Wang’s paper: analogy to FCC and Nat’l Endowment for Arts
may be different—obscenity/profanity restrictions v. info on drugs—some claim
the info is very valuable for the public health. I worry that courts wouldn’t
extend the rationale they’ve used for FCC/NEA to that speech.  Also, consider other areas, such as genomic
testing—how far can this extend into other areas where FDA faces First
Amendment challenges not so tied to regulatory exclusivity? Maybe the answer is
that authorization to market is a gov’t benefit in itself, but wants to know
Winters: California does tend to drive national policy.  Humane treatment as related to human health:
connections b/t factory farming and health, as opposed to standalone concerns
about morality—may get more of a patchwork. But we’ll see industry and private
actors (like McDonald’s) moving to creating a uniformity not mandated by
federal law.  We’ll see convergence/informal
Wang: Art v. IP is an interesting point.  Even profanity could have a benefit, but the
gov’t can still regulate it because of its structural position conferring a
benefit. Step outside of assumptions and think about it from IP perspective.

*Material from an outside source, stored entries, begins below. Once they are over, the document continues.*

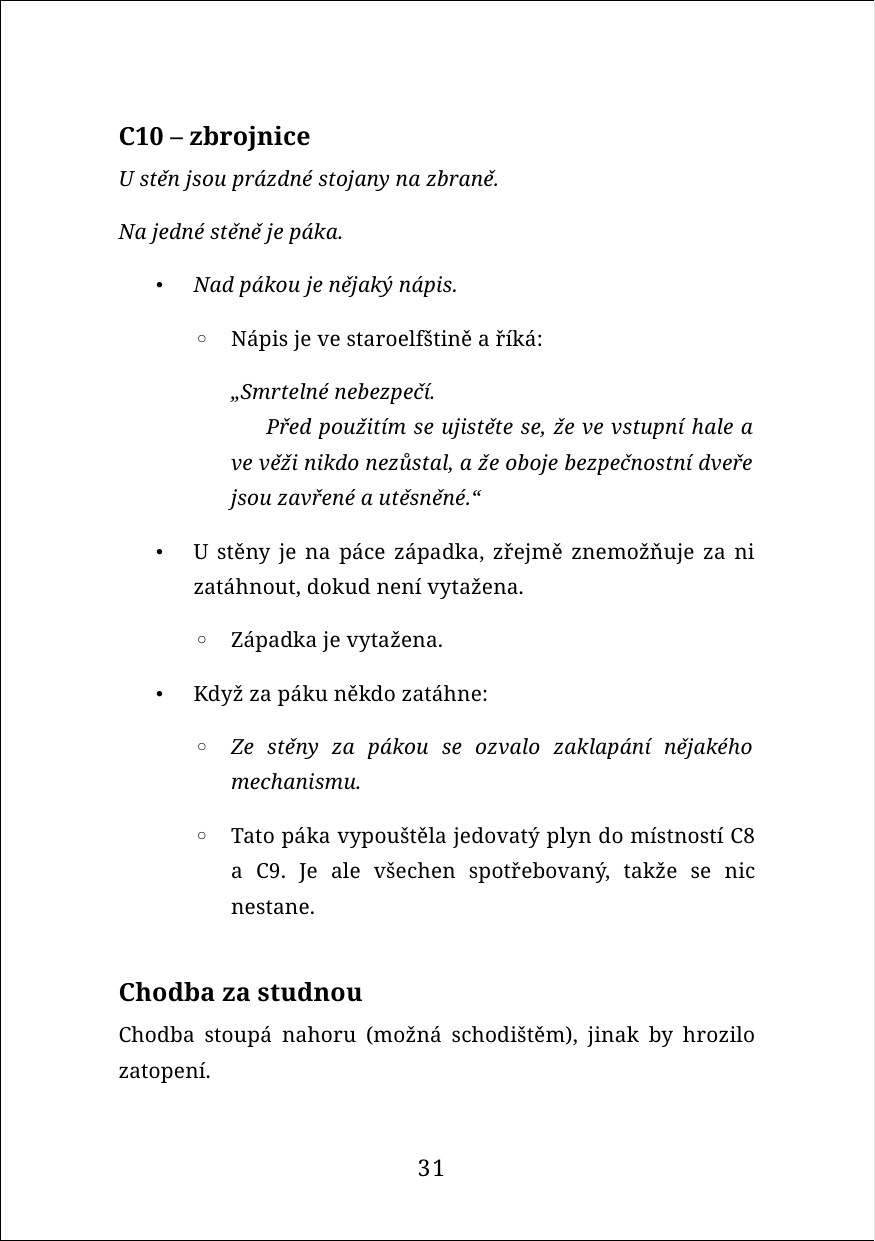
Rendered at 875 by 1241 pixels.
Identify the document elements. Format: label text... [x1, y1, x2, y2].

list U stěny je na páce západka, zřejmě znemožňuje za ni zatáhnout, dokud není vytažena. [156, 537, 756, 601]
list Když za páku někdo zatáhne: [156, 679, 756, 707]
list Ze stěny za pákou se ozvalo zaklapání nějakého mechanismu. [193, 732, 756, 796]
list „Smrtelné nebezpečí. Před použitím se ujistěte se, že ve vstupní hale a ve věži nikdo nezůstal, a že oboje bezpečnostní dveře jsou zavřené a utěsněné.“ [193, 377, 756, 512]
text Na jedné stěně je páka. [118, 217, 756, 246]
subtitle C10 – zbrojnice [118, 118, 756, 152]
text U stěn jsou prázdné stojany na zbraně. [118, 164, 756, 192]
list Nápis je ve staroelfštině a říká: [193, 324, 756, 352]
subtitle Chodba za studnou [118, 974, 756, 1009]
list Nad pákou je nějaký nápis. [156, 271, 756, 299]
list Tato páka vypouštěla jedovatý plyn do místností C8 a C9. Je ale všechen spotřebovaný, takže se nic nestane. [193, 821, 756, 920]
list Západka je vytažena. [193, 626, 756, 654]
text Chodba stoupá nahoru (možná schodištěm), jinak by hrozilo zatopení. [118, 1020, 756, 1084]

Moderator: Joseph Page, Professor, Georgetown University Law
Center: Consider state right to try laws: statutes giving people with
life-threatening diseases access to drugs w/o full FDA approval.  In order for them to be successful, the fed
gov’t has to stay its hand, as w/marijuana. 
Otherwise all you have is expressive libertarianism: symbolic laws that
make another point. It’s one thing for states to fill in the gaps; it’s another
for states to encourage violation of federal law.
Winters: it fits in the theme b/c it’s a conversation, but
agrees it’s different.
Zettler: FDA does allow compassionate use, so you could
comply with both treatment regs and right to try laws, though the laws are
intended to circumvent FDA rules.  But
not as direct a conflict.
Winters: Controlled Substances Act has mostly been enforced
by states; states are refusing to take action, but historically they were the
ones who locked people up for drugs.  So
that’s another difference.
Q: gov’t property allocation doesn’t mean there are no 1A
Wang: there has to be a relationship to the gov’t program.
It’s not a direct mapping, but a looser analogy.